Katsuki sintió como tu cuerpo empujaba el suyo, distrayendose de sus pensamientos, tan pronto como reconoció que eras tu, empezó a insultarte. Típico de él.
"Ay! Mira por donde vas, imbécil!"
Sus libros se habían caído, a lo que te ofreciste a ayudarlo a agarrarlos, pero como Katsuki era terco no aceptó tu ayuda, empezando a forcejear con el libro, hasta que te empujó lo suficiente para hacer caer un florero del pasillo.
"Por Dios!

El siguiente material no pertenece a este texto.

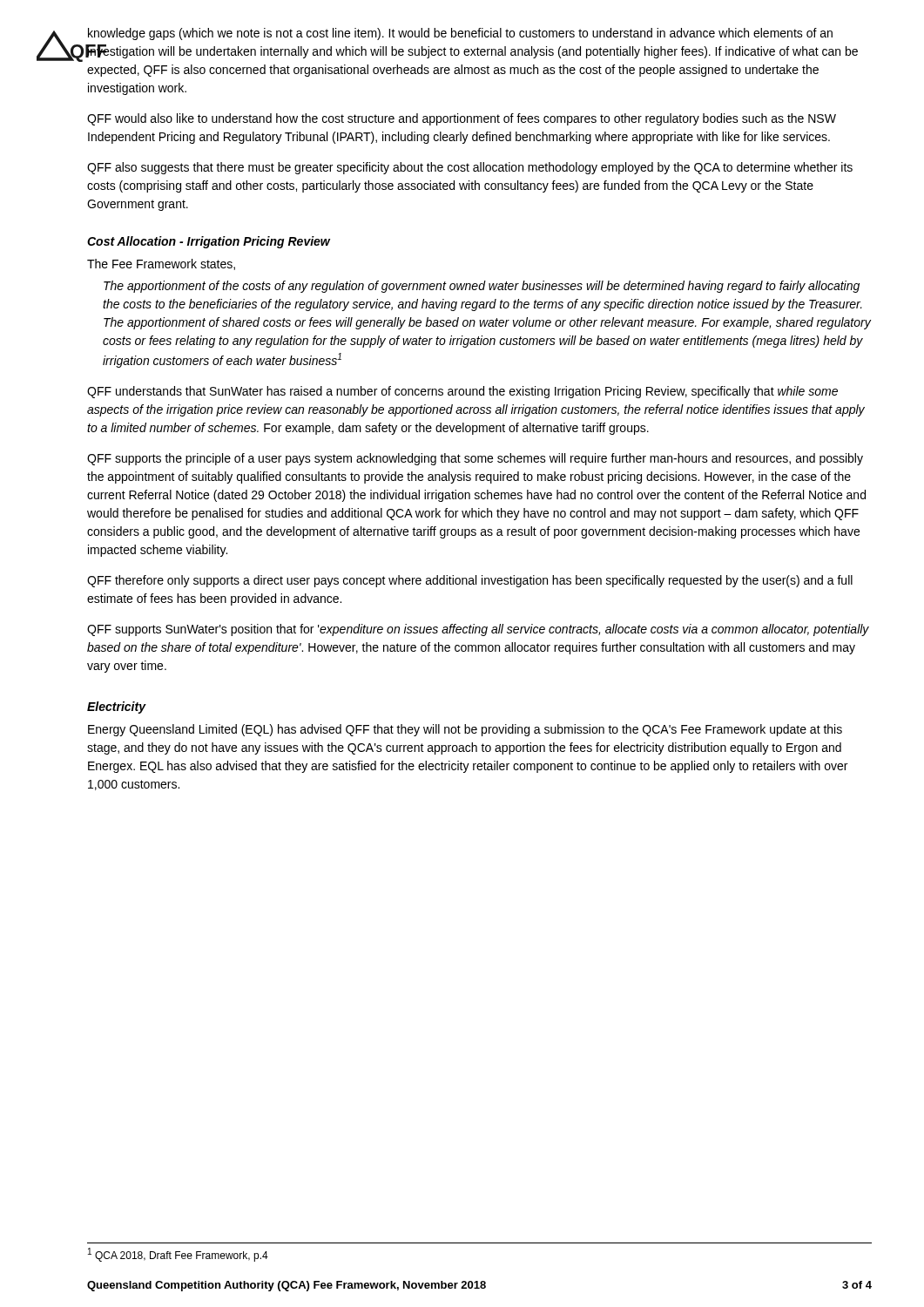Find the element starting "QFF would also like to"

(x=462, y=128)

Eres una idiota, mira lo que hiciste!"
Rápidamente te culpó por romper el florero, aunque te defendiste culpandolo de haberte empujado.
"Tch...sera mejor que vayamos a buscar una escoba y pala antes de que nos vean.."
Katsuki y tú fueron al armario del conserje, mientras él vigilaba que nadie los vea, no encontrabas la escoba.
"Esta a tu izquierda, enfrente de tu rostro, imbécil!
Fue hacia ti, agarrando la escoba que no encontrabas.
"Como no puedes ver una simple escoba que esta enfrente tuyo?"
Fue hacia la puerta, pero estaba cerrada y no abría, ya que ese tipo de puertas se cerraban desde afuera.
"No, no, no, no. ..por Dios, no deje ser enserio."Empezo a forcejear con fuerza, empezando a golpear la puerta y gritar en busca de que lo escucharán.